The Claimant held 40% of the company’s shares before her husband’s death when she inherited a further 40%. Their sons held the remaining shares. The Claimant also drew a salary as a Director as well as received dividends.
It was contended that the Claimant was ‘financially dependent’ on her late husband and that this should be calculated based on the income they would have received but for his passing. In the alternative, the claim should be quantified based on the husband’s service to the business as Managing Director and the cost of employing his replacement.
The Defendant denied this aspect of the claim on the basis that the company had been more profitable since the husband died and that the Claimant’s shareholding had increased. For wont of a better turn of phrase, she was ‘better off’ with him dead. The financial dependency was based on their shareholdings in the business which she had then inherited. Further, the Claimant’s income from the business should be treated as her own and not as a result of her financial dependency on her husband.
Judgment
There was “…no dispute that [the Claimant] was her husband’s dependant”.
Further, it was his “skill, energy, hard work and business flair” that caused the business to be a success.
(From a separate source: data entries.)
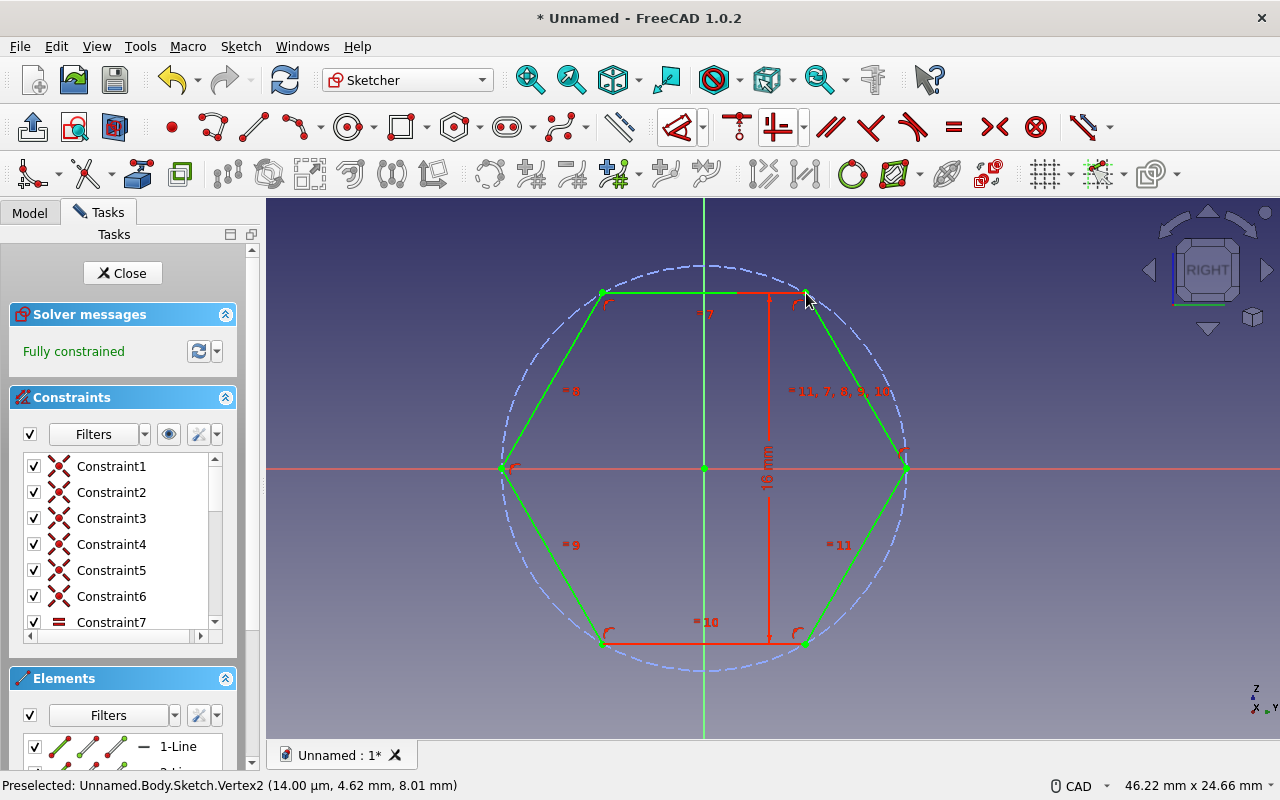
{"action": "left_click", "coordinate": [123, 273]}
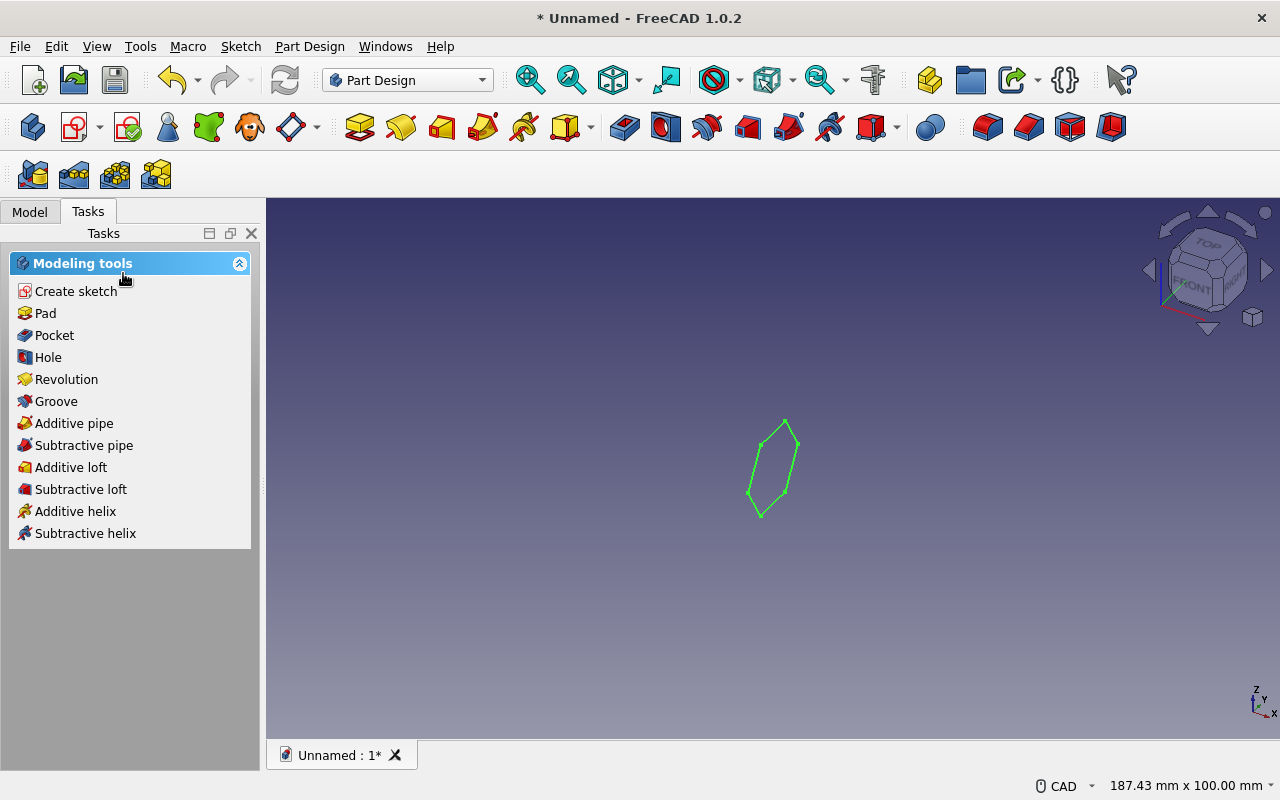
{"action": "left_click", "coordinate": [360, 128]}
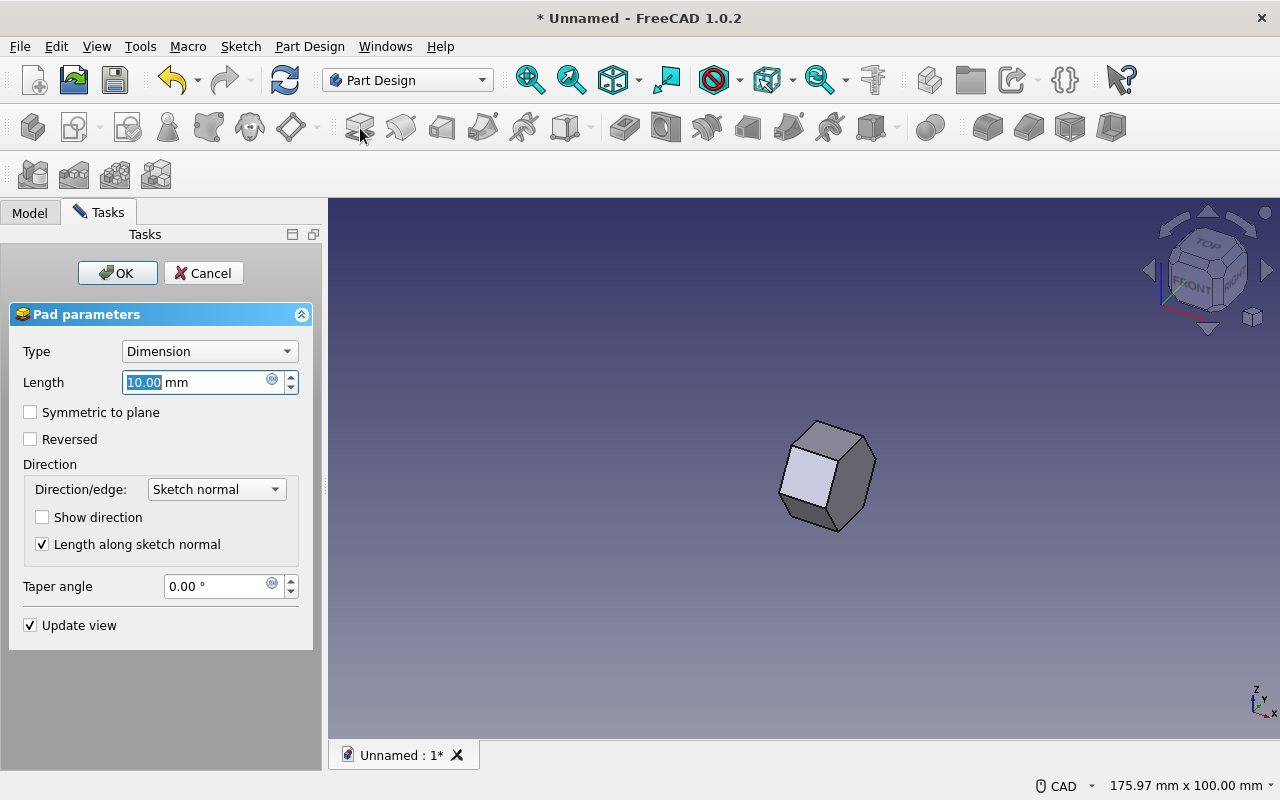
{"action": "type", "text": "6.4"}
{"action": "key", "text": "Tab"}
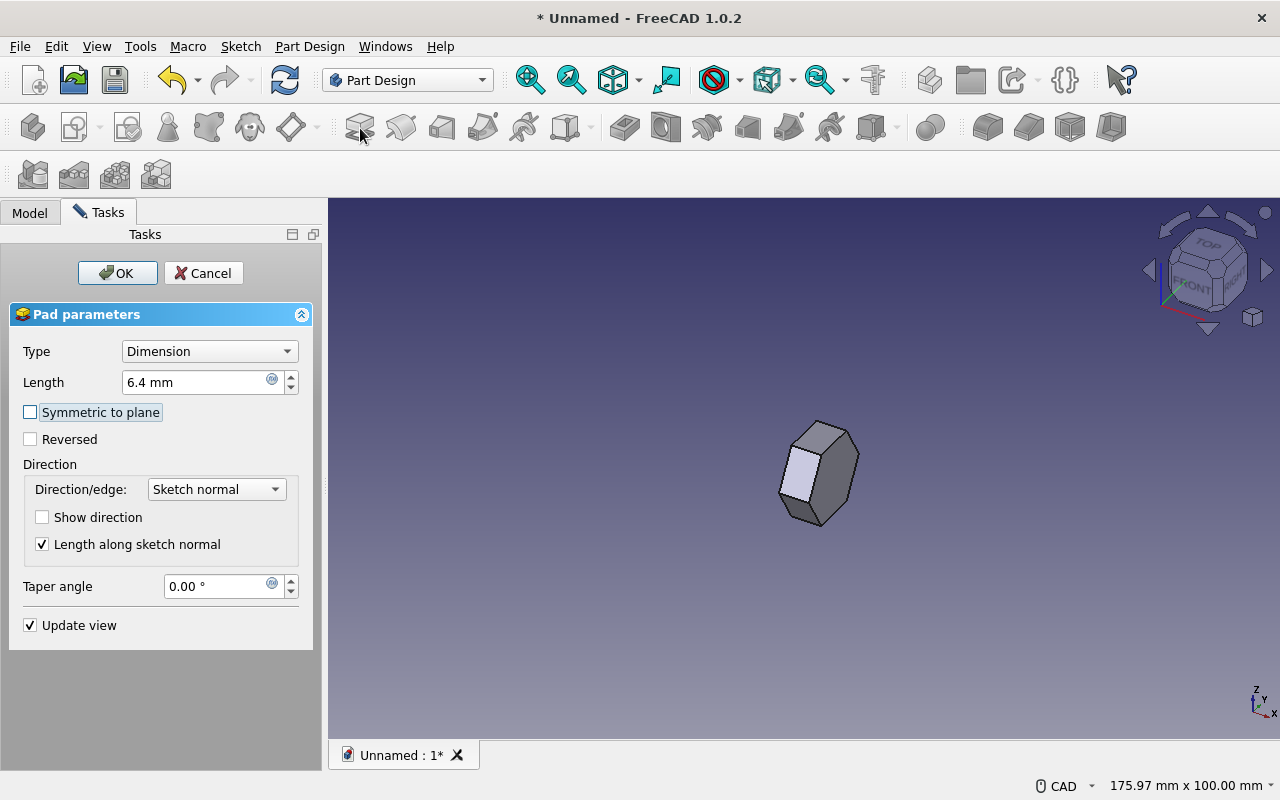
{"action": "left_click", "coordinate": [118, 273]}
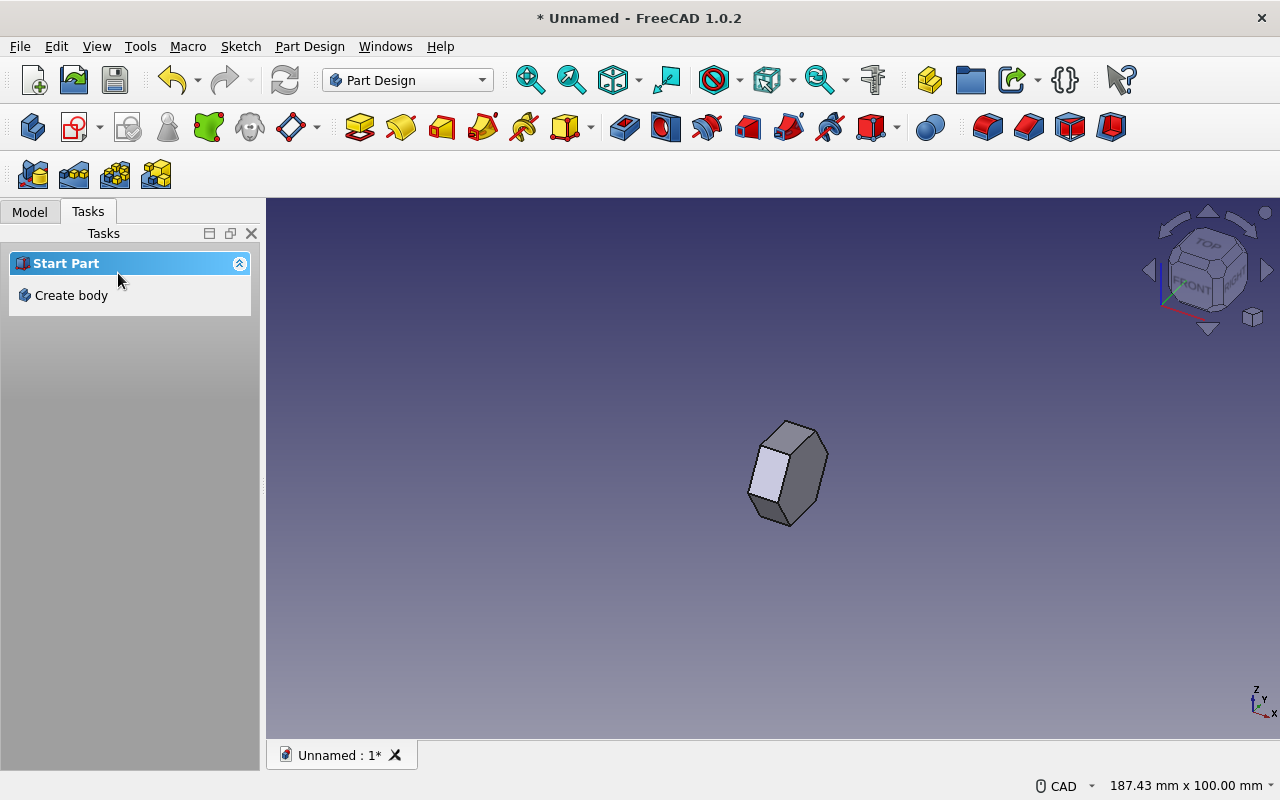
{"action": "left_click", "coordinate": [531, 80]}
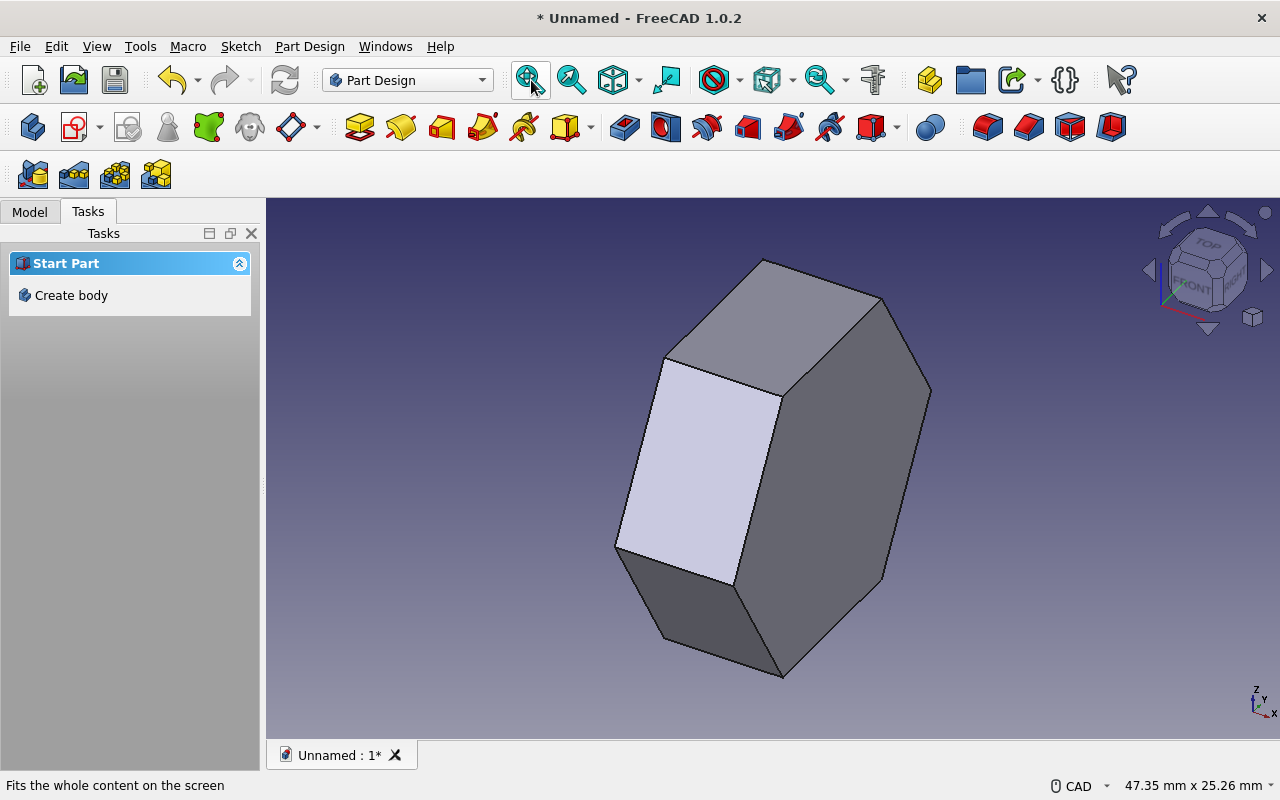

Mr Justice Cavanagh held, applying case law, that “…the health of the business after the deceased’s death [was] irrelevant.”
Turning to the quantification of her claim, the Court identified three key principles:
- There is no prescriptive rule about how the value of the financial dependency should be quantified
- Distinguish between income from capital and income from labour
- ‘Dependency’ fixed at date of death
Applied to this instant case, it was held that the Claimant’s loss should be calculated by reference to her share of the annual income she and her husband would have taken from the business had he lived.